Physical activity (PA) is an essential determinant of health in children, including physical, mental, cognitive, and social health (Janssen & LeBlanc, 2010; Poitras et al., 2016). Children with autism spectrum disorder (ASD) spend less time in PA and are less likely to meet PA guidelines when compared with typically developing children (Jones et al., 2017; Rostami Haji Abadi, Zheng et al., 2021). Inadequate PA may contribute to health concerns reported in children with ASD, such as an elevated rate of obesity and deficits in bone (Matheson & Douglas, 2017; Rostami Haji Abadi, Neumeyer et al., 2021).

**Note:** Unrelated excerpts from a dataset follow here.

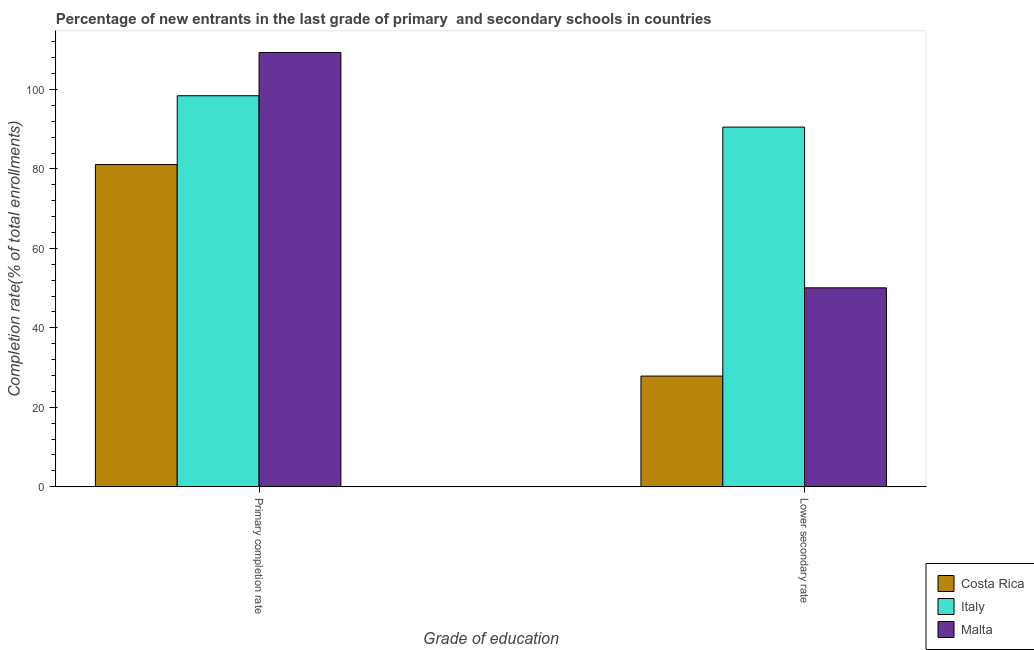How many different coloured bars are there?
Offer a terse response. 3. What is the label of the 1st group of bars from the left?
Keep it short and to the point. Primary completion rate. What is the completion rate in secondary schools in Italy?
Give a very brief answer. 90.52. Across all countries, what is the maximum completion rate in secondary schools?
Ensure brevity in your answer.  90.52. Across all countries, what is the minimum completion rate in secondary schools?
Provide a succinct answer. 27.85. In which country was the completion rate in secondary schools maximum?
Make the answer very short. Italy. What is the total completion rate in secondary schools in the graph?
Provide a short and direct response. 168.44. What is the difference between the completion rate in primary schools in Italy and that in Malta?
Give a very brief answer. -10.88. What is the difference between the completion rate in primary schools in Costa Rica and the completion rate in secondary schools in Malta?
Offer a terse response. 31.03. What is the average completion rate in primary schools per country?
Give a very brief answer. 96.27. What is the difference between the completion rate in secondary schools and completion rate in primary schools in Malta?
Keep it short and to the point. -59.23. In how many countries, is the completion rate in secondary schools greater than 104 %?
Make the answer very short. 0. What is the ratio of the completion rate in secondary schools in Costa Rica to that in Malta?
Provide a short and direct response. 0.56. Is the completion rate in secondary schools in Italy less than that in Costa Rica?
Make the answer very short. No. What does the 2nd bar from the left in Primary completion rate represents?
Your answer should be compact. Italy. What does the 1st bar from the right in Primary completion rate represents?
Offer a terse response. Malta. How many bars are there?
Ensure brevity in your answer.  6. What is the difference between two consecutive major ticks on the Y-axis?
Provide a succinct answer. 20. Are the values on the major ticks of Y-axis written in scientific E-notation?
Your response must be concise. No. Does the graph contain grids?
Provide a short and direct response. No. Where does the legend appear in the graph?
Give a very brief answer. Bottom right. What is the title of the graph?
Keep it short and to the point. Percentage of new entrants in the last grade of primary  and secondary schools in countries. Does "Ecuador" appear as one of the legend labels in the graph?
Provide a short and direct response. No. What is the label or title of the X-axis?
Give a very brief answer. Grade of education. What is the label or title of the Y-axis?
Your answer should be very brief. Completion rate(% of total enrollments). What is the Completion rate(% of total enrollments) of Costa Rica in Primary completion rate?
Your answer should be compact. 81.1. What is the Completion rate(% of total enrollments) in Italy in Primary completion rate?
Provide a short and direct response. 98.42. What is the Completion rate(% of total enrollments) in Malta in Primary completion rate?
Your response must be concise. 109.29. What is the Completion rate(% of total enrollments) in Costa Rica in Lower secondary rate?
Your answer should be compact. 27.85. What is the Completion rate(% of total enrollments) in Italy in Lower secondary rate?
Offer a very short reply. 90.52. What is the Completion rate(% of total enrollments) in Malta in Lower secondary rate?
Offer a very short reply. 50.06. Across all Grade of education, what is the maximum Completion rate(% of total enrollments) of Costa Rica?
Your answer should be very brief. 81.1. Across all Grade of education, what is the maximum Completion rate(% of total enrollments) in Italy?
Your answer should be compact. 98.42. Across all Grade of education, what is the maximum Completion rate(% of total enrollments) of Malta?
Keep it short and to the point. 109.29. Across all Grade of education, what is the minimum Completion rate(% of total enrollments) of Costa Rica?
Your response must be concise. 27.85. Across all Grade of education, what is the minimum Completion rate(% of total enrollments) of Italy?
Your answer should be very brief. 90.52. Across all Grade of education, what is the minimum Completion rate(% of total enrollments) of Malta?
Give a very brief answer. 50.06. What is the total Completion rate(% of total enrollments) in Costa Rica in the graph?
Your answer should be very brief. 108.95. What is the total Completion rate(% of total enrollments) in Italy in the graph?
Offer a terse response. 188.94. What is the total Completion rate(% of total enrollments) of Malta in the graph?
Ensure brevity in your answer.  159.36. What is the difference between the Completion rate(% of total enrollments) in Costa Rica in Primary completion rate and that in Lower secondary rate?
Ensure brevity in your answer.  53.24. What is the difference between the Completion rate(% of total enrollments) in Italy in Primary completion rate and that in Lower secondary rate?
Keep it short and to the point. 7.89. What is the difference between the Completion rate(% of total enrollments) in Malta in Primary completion rate and that in Lower secondary rate?
Keep it short and to the point. 59.23. What is the difference between the Completion rate(% of total enrollments) of Costa Rica in Primary completion rate and the Completion rate(% of total enrollments) of Italy in Lower secondary rate?
Provide a succinct answer. -9.43. What is the difference between the Completion rate(% of total enrollments) of Costa Rica in Primary completion rate and the Completion rate(% of total enrollments) of Malta in Lower secondary rate?
Offer a terse response. 31.03. What is the difference between the Completion rate(% of total enrollments) of Italy in Primary completion rate and the Completion rate(% of total enrollments) of Malta in Lower secondary rate?
Ensure brevity in your answer.  48.35. What is the average Completion rate(% of total enrollments) of Costa Rica per Grade of education?
Your answer should be compact. 54.47. What is the average Completion rate(% of total enrollments) in Italy per Grade of education?
Keep it short and to the point. 94.47. What is the average Completion rate(% of total enrollments) in Malta per Grade of education?
Your response must be concise. 79.68. What is the difference between the Completion rate(% of total enrollments) of Costa Rica and Completion rate(% of total enrollments) of Italy in Primary completion rate?
Offer a very short reply. -17.32. What is the difference between the Completion rate(% of total enrollments) of Costa Rica and Completion rate(% of total enrollments) of Malta in Primary completion rate?
Offer a terse response. -28.2. What is the difference between the Completion rate(% of total enrollments) of Italy and Completion rate(% of total enrollments) of Malta in Primary completion rate?
Provide a succinct answer. -10.88. What is the difference between the Completion rate(% of total enrollments) of Costa Rica and Completion rate(% of total enrollments) of Italy in Lower secondary rate?
Offer a terse response. -62.67. What is the difference between the Completion rate(% of total enrollments) in Costa Rica and Completion rate(% of total enrollments) in Malta in Lower secondary rate?
Provide a short and direct response. -22.21. What is the difference between the Completion rate(% of total enrollments) of Italy and Completion rate(% of total enrollments) of Malta in Lower secondary rate?
Keep it short and to the point. 40.46. What is the ratio of the Completion rate(% of total enrollments) in Costa Rica in Primary completion rate to that in Lower secondary rate?
Offer a terse response. 2.91. What is the ratio of the Completion rate(% of total enrollments) in Italy in Primary completion rate to that in Lower secondary rate?
Keep it short and to the point. 1.09. What is the ratio of the Completion rate(% of total enrollments) in Malta in Primary completion rate to that in Lower secondary rate?
Keep it short and to the point. 2.18. What is the difference between the highest and the second highest Completion rate(% of total enrollments) in Costa Rica?
Offer a very short reply. 53.24. What is the difference between the highest and the second highest Completion rate(% of total enrollments) in Italy?
Offer a very short reply. 7.89. What is the difference between the highest and the second highest Completion rate(% of total enrollments) of Malta?
Make the answer very short. 59.23. What is the difference between the highest and the lowest Completion rate(% of total enrollments) in Costa Rica?
Offer a terse response. 53.24. What is the difference between the highest and the lowest Completion rate(% of total enrollments) of Italy?
Provide a short and direct response. 7.89. What is the difference between the highest and the lowest Completion rate(% of total enrollments) of Malta?
Provide a short and direct response. 59.23.

Difficulties in social interactions and adverse social experiences (e.g., exclusion) may contribute to lower PA in children with ASD (Jachyra et al., 2021; Memari et al., 2017; Pan et al., 2011). The theory behind animal-assisted intervention (AAI) to benefit children with ASD comes from human–animal interaction studies; specifically, research has identified that a reciprocal relationship with animals can contribute physical and psychological benefits (O’Haire, 2013). AAI offers an attractive option for children with ASD, as the presence of therapy dogs improves their social interactions (Hardy & Weston, 2020; Hill et al., 2019; O’Haire, 2013, 2017). Social interaction has been associated with PA intensity in children with ASD (Jozkowski & Cermak, 2020; Memari et al., 2017; Pan et al., 2011). The presence of a therapy dog increases PA in children with obesity (Wohlfarth et al., 2013) and adolescents with orthopedic limitations (Vitztum et al., 2016). In addition, qualitative studies suggest that children with ASD may benefit from integrating a therapy dog into a PA program (Monika & Maria, 2015; Obrusnikova et al., 2012). To date, however, no quantitative study has assessed if an AAI with therapy dogs can increase PA in children with ASD.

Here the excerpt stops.